Some of this includes chemical changes. Proteins are often tagged with different chemicals. These tags sometimes change protein structure but are essential to their behavior—they can literally determine a cell’s fate, for example, life, senescence, or death.

The algorithm’s overall setup makes some use of its predecessor’s machinery to map proteins, DNA, and other molecules and their interactions. But the team also looked to diffusion models—the algorithms behind OpenAI’s DALL-E 2 image generator—to capture structures at the atomic level. Diffusion models are trained to reverse noisy images in steps until they arrive at a prediction for what the image (or in this case a 3D model of a biomolecule) should look like without the noise. This addition made a “substantial change” to performance, said Jumper.

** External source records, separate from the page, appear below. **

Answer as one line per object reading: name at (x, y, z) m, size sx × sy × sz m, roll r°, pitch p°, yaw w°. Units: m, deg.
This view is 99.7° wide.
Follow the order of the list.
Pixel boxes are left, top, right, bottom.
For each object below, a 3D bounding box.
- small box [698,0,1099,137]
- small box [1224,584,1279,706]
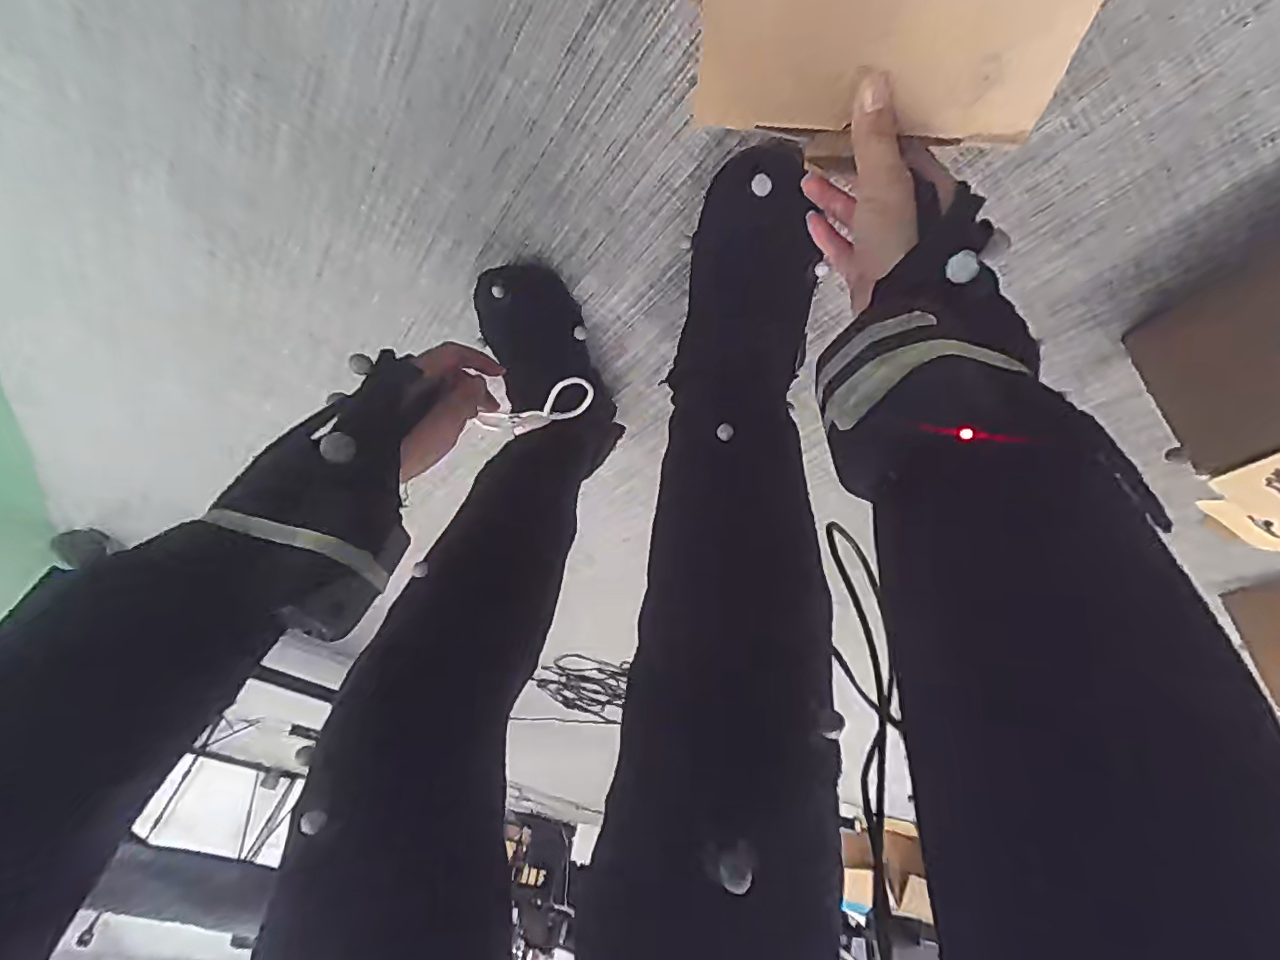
small box at (0.125, -0.294, 0.252) m, size 0.168 × 0.176 × 0.179 m, roll 7°, pitch 142°, yaw 6°
small box at (0.925, 0.231, 0.694) m, size 0.168 × 0.176 × 0.179 m, roll 32°, pitch 140°, yaw -24°

Like AlphaFold 2, the new version has a built-in “sanity check” that indicates how confident it is in a generated model so scientists can proofread its outputs. This has been a core component of all their work, said the DeepMind team. They trained the AI using the Protein Data Bank, an open-source compilation of 3D protein structures that’s constantly updated, including new experimentally validated structures of proteins binding to DNA and other biomolecules

Pitted against existing software, AlphaFold 3 broke records. One test for molecular interactions between proteins and small molecules—ones that could become medications—succeeded 76 percent of the time. Previous attempts were successful in roughly 42 percent of cases.

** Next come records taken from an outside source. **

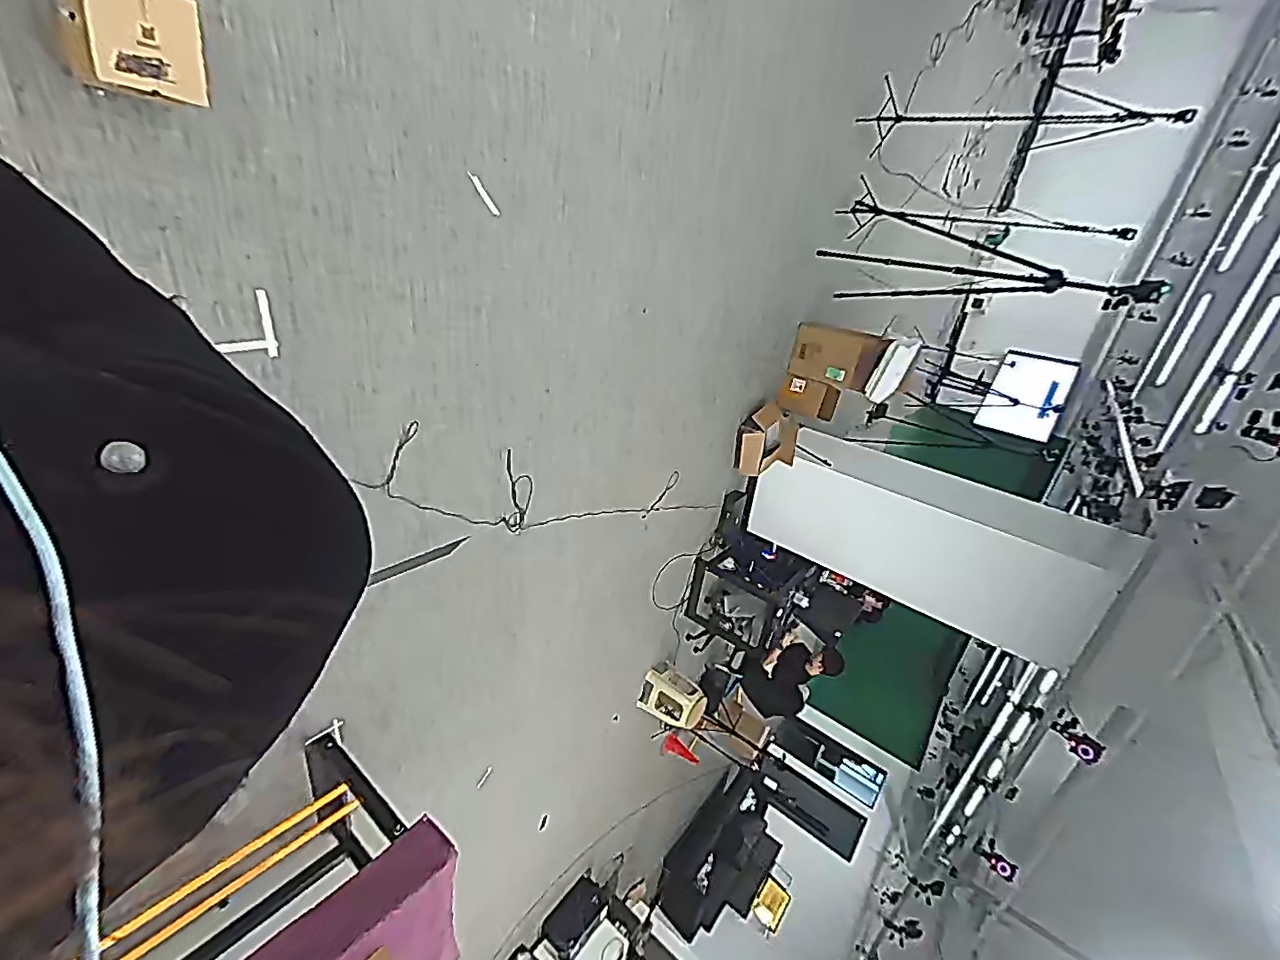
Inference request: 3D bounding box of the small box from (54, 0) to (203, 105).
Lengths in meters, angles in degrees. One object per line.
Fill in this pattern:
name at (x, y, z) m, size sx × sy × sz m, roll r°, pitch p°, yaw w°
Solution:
small box at (-0.955, -0.828, 1.010) m, size 0.168 × 0.176 × 0.179 m, roll -20°, pitch 126°, yaw -51°

When it comes to deciphering protein functions, AlphaFold 3 “seeks to solve the exact same problem [as RoseTTAFold All-Atom]…but is clearly more accurate,” Baker told Singularity Hub.

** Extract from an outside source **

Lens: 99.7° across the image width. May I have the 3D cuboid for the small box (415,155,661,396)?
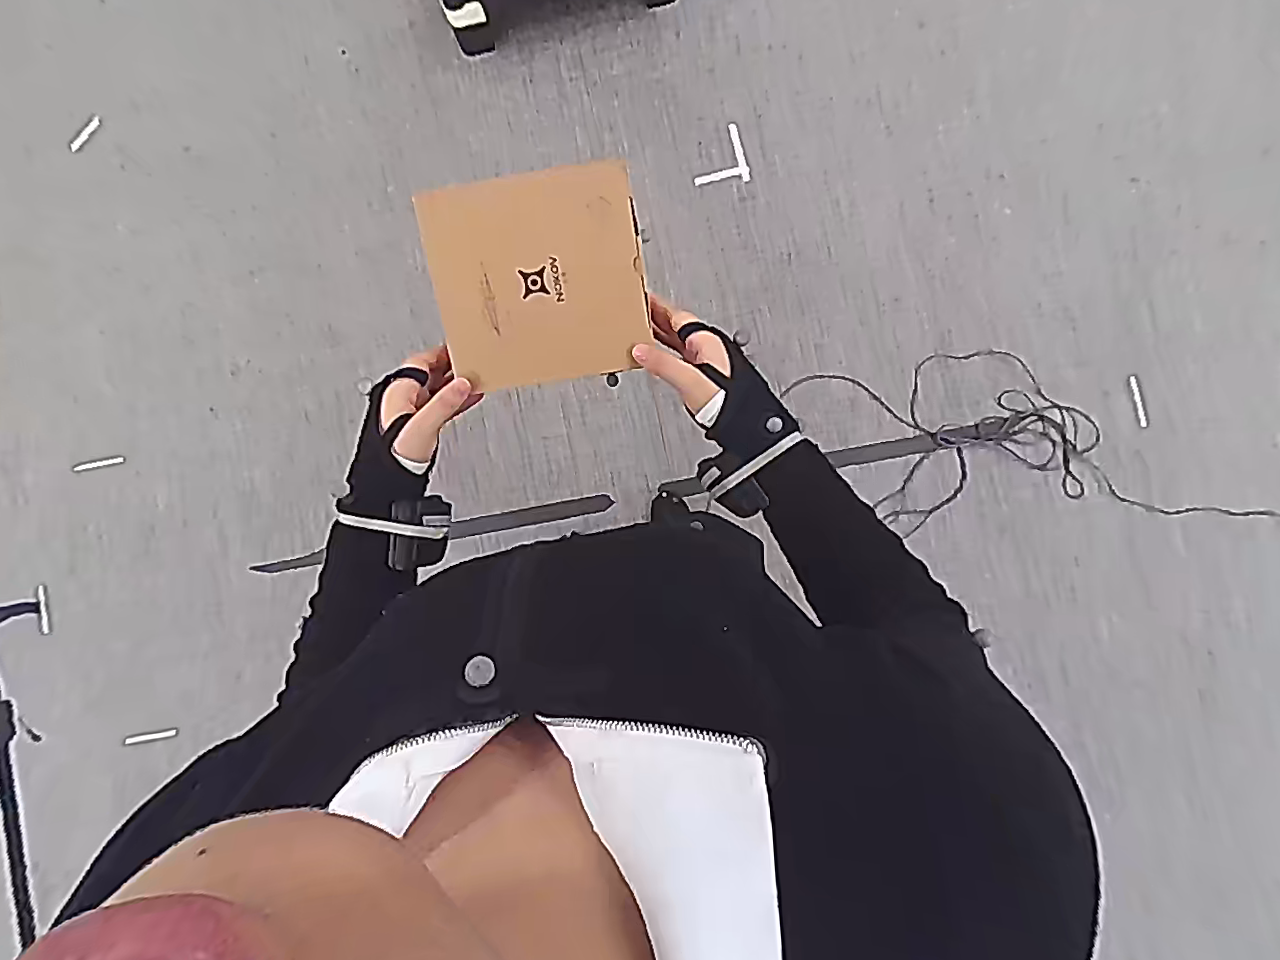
[{"bbox_3d":[-0.082,-0.181,0.519,0.179,0.176,0.168,-10,102,2],"label":"small box"}]

But the tool’s accuracy depends on which interaction is being modeled. The algorithm isn’t yet great at protein-RNA interactions, for example, Columbia University’s Mohammed AlQuraishi told MIT Technology Review. Overall, accuracy ranged from 40 to more than 80 percent.

AI to Real Life

Unlike previous iterations, DeepMind isn’t open-sourcing AlphaFold 3’s code. Instead, they’re releasing the tool as a free online platform, called AlphaFold Server, that allows scientists to test their ideas for protein interactions with just a few clicks.

AlphaFold 2 required technical expertise to install and run the software. The server, in contrast, can help people unfamiliar with code to use the tool. It’s for non-commercial use only and can’t be reused to train other machine learning models for protein prediction. But it is freely available for scientists to try. The team envisions the software helping develop new antibodies and other treatments at a faster rate. Isomorphic Labs, a spin-off of DeepMind, is already using AlphaFold 3 to develop medications for a variety of diseases.

For Bergeron, the upgrade is “transformative.” Instead of spending years in the lab, it’s now possible to mimic protein interactions in silico—a computer simulation—before beginning the labor- and time-intensive work of investigating promising solutions using cells.

“I’m pretty certain that every structural biology and protein biochemistry research group in the world will immediately adopt this system,” he said.